Ushuaia (21-23 Nov. 2008)

La couverture nuageuse se déchire et laisse apparaître les sommets enneigés de la Cordillère Darwin. Notre vol a duré trois heures et nous nous attendons au pire avant d’atterrir à Ushuaia, Terre de Feu. Ici, les vents sont violents, et seuls les pilotes expérimentés sont habilités à piloter sur cette ligne du bout du monde. Déjà, les premiers soubresauts se font sentir et nous nous accrochons solidement à nos sièges. Soudainement, l’avion tangue de droite à gauche et nous soulève quelques secondes. Des cris s’échappent entre nos dents crispées. Heureusement nous ne sommes pas les seuls … L’approche chaotique dure de longues minutes et c’est avec une grande ferveur que nous applaudissons tous les pilotes lorsque les trains d’atterrissage touchent enfin terre.


Enfin, nous déballons nos vélos de leurs cartons et découvrons avec plaisir les messages des parents d’Olivier (voir vidéo en fin de message). Les premiers curieux nous interpellent et après trois heures de montage et rangement, nous nous élançons pour nos premiers coups de pédale vers Ushuaia. Après un rapide passage au centre ville, nous nous dirigeons vers le parc national de Terre de Feu pour y camper. Le lendemain, nous allons au bout de la route nationale 3, pour commencer réellement la Géoroute Andine. Alors que pour la plupart, Ushuaia est l’étape finale de leur parcours, elle sera pour nous le début d’une grande aventure, arrosé comme il se doit par une pluie battante.


En repassant par Ushuaia, nous faisons un crochet par l’alliance française, où Stéphane nous fait une proposition alléchante : une fondue au chocolat qui célèbre la fin de l’année pour les élèves. Finalement, nous pourrons bien retarder le départ d’une journée… L’ambiance y est très chaleureuse, et notre venue fait pratiquer le français aux élèves d’Ushuaia. C’est avec un grand plaisir que nous partageons ce moment avec eux.
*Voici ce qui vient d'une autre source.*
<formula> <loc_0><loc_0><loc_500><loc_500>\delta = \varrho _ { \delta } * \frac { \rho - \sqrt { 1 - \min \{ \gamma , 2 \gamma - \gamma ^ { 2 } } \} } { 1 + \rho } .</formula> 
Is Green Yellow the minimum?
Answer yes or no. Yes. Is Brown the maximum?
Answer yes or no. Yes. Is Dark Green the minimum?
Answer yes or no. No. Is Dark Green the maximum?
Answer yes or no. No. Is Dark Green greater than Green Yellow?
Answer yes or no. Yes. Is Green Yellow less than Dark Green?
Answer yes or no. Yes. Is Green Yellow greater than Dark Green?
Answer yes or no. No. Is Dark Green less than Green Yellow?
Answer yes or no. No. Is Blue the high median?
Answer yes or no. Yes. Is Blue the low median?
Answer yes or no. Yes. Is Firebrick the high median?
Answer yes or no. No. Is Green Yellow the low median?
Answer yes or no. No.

Un grand merci à toute l’équipe de l’Alliance : Stéphane, Coralie et Aurélie ainsi qu’à tous les élèves ! Le lendemain, nous sommes invités à prendre un café chez Sandra. Nous repartons avec un cadenas pour nos vélos, une délicieuse confiture d’orange et deux bières Cape Horn, made in Terre de feu par Mauricio, son mari. Nous avons du mal à la quitter, et c’est avec un sentiment mitigé de tristesse et d’excitation que nous prenons la route, pour de bon.